Since our categorical dataset has fewer than 100,000 instances, we are prompted to start with sklearn.svm.LinearSVC (which will map the data to a higher dimensional feature space), or failing that, sklearn.neighbors.KNeighborsClassifier (which will assign instances to the class most common among its k nearest neighbors).

In our feature exploration of the occupancy dataset, you'll remember that the different attributes were not all on the same scale, so in addition to the other steps, we import scale so that we can standardize all the features before we run fit-predict:



In [ ]:

    
features = occupancy[['temp', 'humid', 'light', 'co2', 'hratio']]
labels   = occupancy['occupied']

# Scale the features
stdfeatures = scale(features)

classify(stdfeatures, labels, LinearSVC())
classify(stdfeatures, labels, KNeighborsClassifier())



In [ ]:

    
# Load the concrete compression data set
concrete   = pd.read_excel(os.path.join('data','Concrete_Data.xls'))
concrete.columns = [
    'cement', 'slag', 'ash', 'water', 'splast',
    'coarse', 'fine', 'age', 'strength'
]

More than 50 samples?



In [ ]:

    
print(len(concrete))

Predicting a quantity or a category?

For the concrete dataset, the labels for the strength of the concrete are continuous, so we are predicting a quantity, not a category. Therefore, we will be looking for a regressor for our concrete dataset.



In [ ]:

    
def regress(attributes, targets, model):
    # Split data into 'test' and 'train' for cross validation
    splits = cv.train_test_split(attributes, targets, test_size=0.2)
    X_train, X_test, y_train, y_test = splits

    model.fit(X_train, y_train)
    y_true = y_test
    y_pred = model.predict(X_test)
    print("Mean squared error = {:0.3f}".format(mse(y_true, y_pred)))
    print("R2 score = {:0.3f}".format(r2_score(y_true, y_pred)))
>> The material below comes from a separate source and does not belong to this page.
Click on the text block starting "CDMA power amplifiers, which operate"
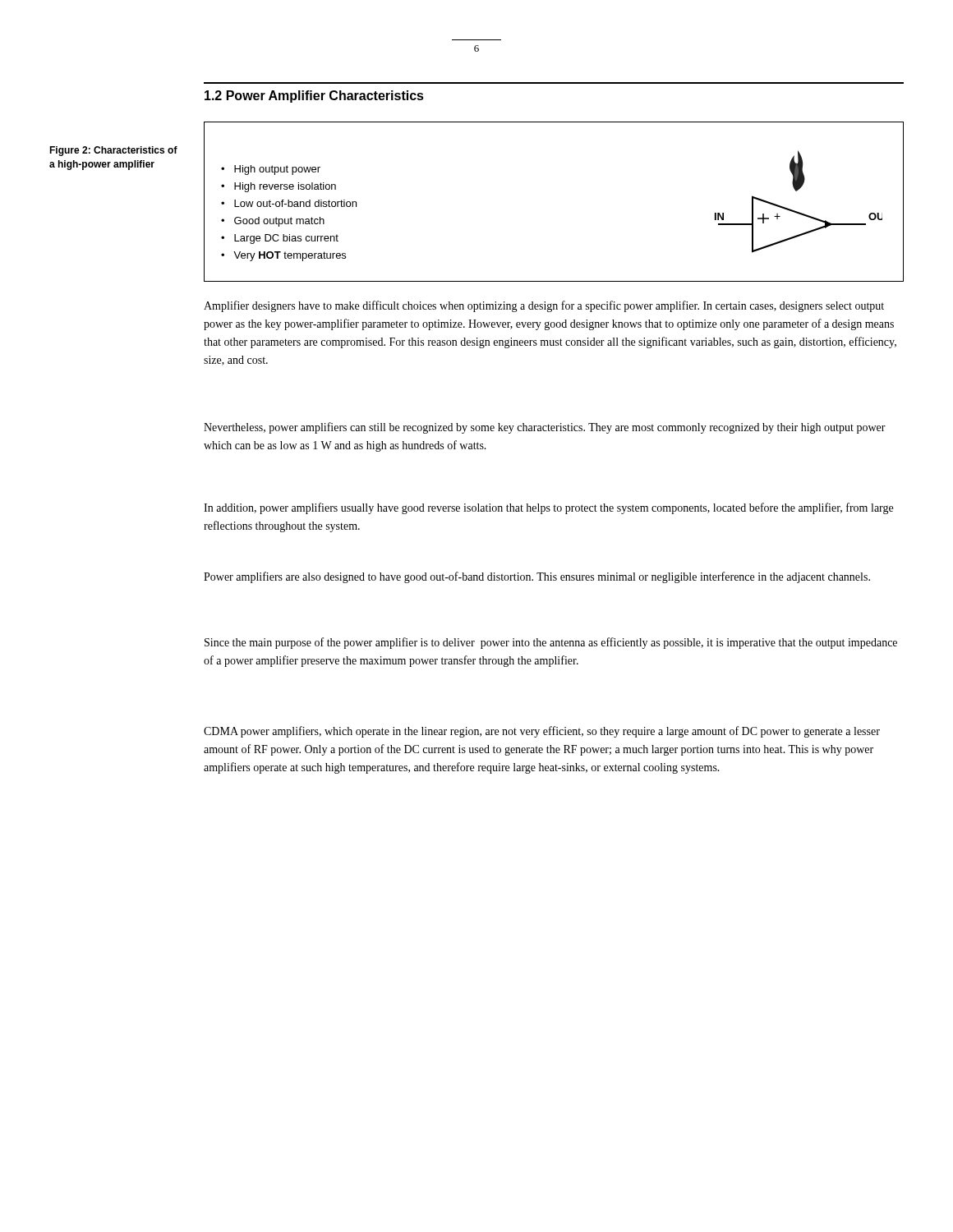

Meanwhile for our concrete dataset, we must determine whether we think all of the features are important, or only a few of them. If we decide to keep all the features as is, the chart suggests using sklearn.linear_model.RidgeRegression (which will identify features that are less predictive and ensure they have less influence in the model) or possibly sklearn.svm.SVR with a linear kernel (which is similar to the LinearSVC classifier). If we guess that some of the features are not important, we might decide instead to choose sklearn.linear_model.Lasso (which will drop out any features that aren't predictive) or sklearn.linear_model.ElasticNet (which will try to find a happy medium between the Lasso and Ridge methods, taking the linear combination of their L1 and L2 penalties).

Let's try a few because, why not?



In [ ]:

    
features = concrete[[
    'cement', 'slag', 'ash', 'water', 'splast', 'coarse', 'fine', 'age'
]]
labels   = concrete['strength']

regress(features, labels, Ridge())
regress(features, labels, Lasso())
regress(features, labels, ElasticNet())

As illustrated in the code above, the Scikit-Learn API allows us to rapidly deploy as many models as we want. This is an incredibly powerful feature of the Scikit-Learn library that cannot be understated.